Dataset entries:
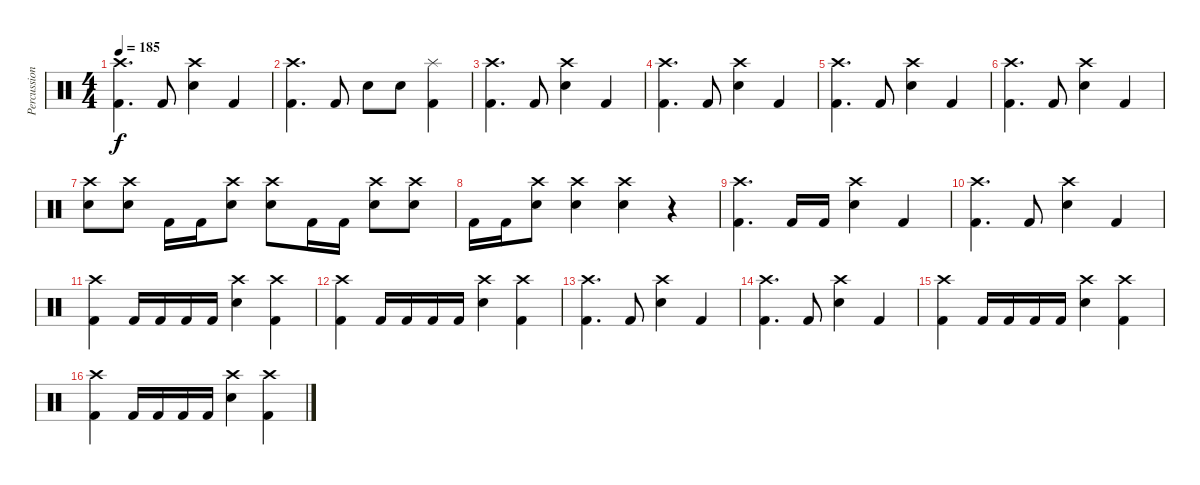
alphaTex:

\track ("Percussion" "Percussion") {instrument percussion}
\staff {score}
\articulation defaults
\ts (4 4)
\tempo 185
\clef neutral
\ks c
("Crash high (hit)" "Kick (hit) 2").4{d dy f} "Kick (hit) 2".8 ("Crash high (hit)" "Snare (hit) 2").4 "Kick (hit) 2".4 |
("Crash high (hit)" "Kick (hit) 2").4{d} "Kick (hit) 2".8 "Snare (hit) 2".8 "Snare (hit) 2".8 ("Splash (hit)" "Kick (hit) 2").4 |
("Crash high (hit)" "Kick (hit) 2").4{d} "Kick (hit) 2".8 ("Crash high (hit)" "Snare (hit) 2").4 "Kick (hit) 2".4 |
("Crash high (hit)" "Kick (hit) 2").4{d} "Kick (hit) 2".8 ("Crash high (hit)" "Snare (hit) 2").4 "Kick (hit) 2".4 |
("Crash high (hit)" "Kick (hit) 2").4{d} "Kick (hit) 2".8 ("Crash high (hit)" "Snare (hit) 2").4 "Kick (hit) 2".4 |
("Crash high (hit)" "Kick (hit) 2").4{d} "Kick (hit) 2".8 ("Crash high (hit)" "Snare (hit) 2").4 "Kick (hit) 2".4 |
("Crash high (hit)" "Snare (hit) 2").8 ("Crash high (hit)" "Snare (hit) 2").8 "Kick (hit) 2".16 "Kick (hit) 2".16 ("Crash high (hit)" "Snare (hit) 2").8 ("Crash high (hit)" "Snare (hit) 2").8 "Kick (hit) 2".16 "Kick (hit) 2".16 ("Crash high (hit)" "Snare (hit) 2").8 ("Crash high (hit)" "Snare (hit) 2").8 |
"Kick (hit) 2".16 "Kick (hit) 2".16 ("Crash high (hit)" "Snare (hit) 2").8 ("Crash high (hit)" "Snare (hit) 2").4 ("Crash high (hit)" "Snare (hit) 2").4 r.4 |
("Crash high (hit)" "Kick (hit) 2").4{d} "Kick (hit) 2".16 "Kick (hit) 2".16 ("Crash high (hit)" "Snare (hit) 2").4 "Kick (hit) 2".4 |
("Crash high (hit)" "Kick (hit) 2").4{d} "Kick (hit) 2".8 ("Crash high (hit)" "Snare (hit) 2").4 "Kick (hit) 2".4 |
("Crash high (hit)" "Kick (hit) 2").4 "Kick (hit) 2".16 "Kick (hit) 2".16 "Kick (hit) 2".16 "Kick (hit) 2".16 ("Crash high (hit)" "Snare (hit) 2").4 ("Crash high (hit)" "Kick (hit) 2").4 |
("Crash high (hit)" "Kick (hit) 2").4 "Kick (hit) 2".16 "Kick (hit) 2".16 "Kick (hit) 2".16 "Kick (hit) 2".16 ("Crash high (hit)" "Snare (hit) 2").4 ("Crash high (hit)" "Kick (hit) 2").4 |
("Crash high (hit)" "Kick (hit) 2").4{d} "Kick (hit) 2".8 ("Crash high (hit)" "Snare (hit) 2").4 "Kick (hit) 2".4 |
("Crash high (hit)" "Kick (hit) 2").4{d} "Kick (hit) 2".8 ("Crash high (hit)" "Snare (hit) 2").4 "Kick (hit) 2".4 |
("Crash high (hit)" "Kick (hit) 2").4 "Kick (hit) 2".16 "Kick (hit) 2".16 "Kick (hit) 2".16 "Kick (hit) 2".16 ("Crash high (hit)" "Snare (hit) 2").4 ("Crash high (hit)" "Kick (hit) 2").4 |
("Crash high (hit)" "Kick (hit) 2").4 "Kick (hit) 2".16 "Kick (hit) 2".16 "Kick (hit) 2".16 "Kick (hit) 2".16 ("Crash high (hit)" "Snare (hit) 2").4 ("Crash high (hit)" "Kick (hit) 2").4

TASK PROMPT:
The entries above, every one of them, should be retyped exactly, with no pictures carried over.

SOLUTION TO THE EXERCISE:
alphaTex:

\track ("Percussion" "Percussion") {instrument percussion}
\staff {score}
\articulation defaults
\ts (4 4)
\tempo 185
\clef neutral
\ks c
("Crash high (hit)" "Kick (hit) 2").4{d dy f} "Kick (hit) 2".8 ("Crash high (hit)" "Snare (hit) 2").4 "Kick (hit) 2".4 |
("Crash high (hit)" "Kick (hit) 2").4{d} "Kick (hit) 2".8 "Snare (hit) 2".8 "Snare (hit) 2".8 ("Splash (hit)" "Kick (hit) 2").4 |
("Crash high (hit)" "Kick (hit) 2").4{d} "Kick (hit) 2".8 ("Crash high (hit)" "Snare (hit) 2").4 "Kick (hit) 2".4 |
("Crash high (hit)" "Kick (hit) 2").4{d} "Kick (hit) 2".8 ("Crash high (hit)" "Snare (hit) 2").4 "Kick (hit) 2".4 |
("Crash high (hit)" "Kick (hit) 2").4{d} "Kick (hit) 2".8 ("Crash high (hit)" "Snare (hit) 2").4 "Kick (hit) 2".4 |
("Crash high (hit)" "Kick (hit) 2").4{d} "Kick (hit) 2".8 ("Crash high (hit)" "Snare (hit) 2").4 "Kick (hit) 2".4 |
("Crash high (hit)" "Snare (hit) 2").8 ("Crash high (hit)" "Snare (hit) 2").8 "Kick (hit) 2".16 "Kick (hit) 2".16 ("Crash high (hit)" "Snare (hit) 2").8 ("Crash high (hit)" "Snare (hit) 2").8 "Kick (hit) 2".16 "Kick (hit) 2".16 ("Crash high (hit)" "Snare (hit) 2").8 ("Crash high (hit)" "Snare (hit) 2").8 |
"Kick (hit) 2".16 "Kick (hit) 2".16 ("Crash high (hit)" "Snare (hit) 2").8 ("Crash high (hit)" "Snare (hit) 2").4 ("Crash high (hit)" "Snare (hit) 2").4 r.4 |
("Crash high (hit)" "Kick (hit) 2").4{d} "Kick (hit) 2".16 "Kick (hit) 2".16 ("Crash high (hit)" "Snare (hit) 2").4 "Kick (hit) 2".4 |
("Crash high (hit)" "Kick (hit) 2").4{d} "Kick (hit) 2".8 ("Crash high (hit)" "Snare (hit) 2").4 "Kick (hit) 2".4 |
("Crash high (hit)" "Kick (hit) 2").4 "Kick (hit) 2".16 "Kick (hit) 2".16 "Kick (hit) 2".16 "Kick (hit) 2".16 ("Crash high (hit)" "Snare (hit) 2").4 ("Crash high (hit)" "Kick (hit) 2").4 |
("Crash high (hit)" "Kick (hit) 2").4 "Kick (hit) 2".16 "Kick (hit) 2".16 "Kick (hit) 2".16 "Kick (hit) 2".16 ("Crash high (hit)" "Snare (hit) 2").4 ("Crash high (hit)" "Kick (hit) 2").4 |
("Crash high (hit)" "Kick (hit) 2").4{d} "Kick (hit) 2".8 ("Crash high (hit)" "Snare (hit) 2").4 "Kick (hit) 2".4 |
("Crash high (hit)" "Kick (hit) 2").4{d} "Kick (hit) 2".8 ("Crash high (hit)" "Snare (hit) 2").4 "Kick (hit) 2".4 |
("Crash high (hit)" "Kick (hit) 2").4 "Kick (hit) 2".16 "Kick (hit) 2".16 "Kick (hit) 2".16 "Kick (hit) 2".16 ("Crash high (hit)" "Snare (hit) 2").4 ("Crash high (hit)" "Kick (hit) 2").4 |
("Crash high (hit)" "Kick (hit) 2").4 "Kick (hit) 2".16 "Kick (hit) 2".16 "Kick (hit) 2".16 "Kick (hit) 2".16 ("Crash high (hit)" "Snare (hit) 2").4 ("Crash high (hit)" "Kick (hit) 2").4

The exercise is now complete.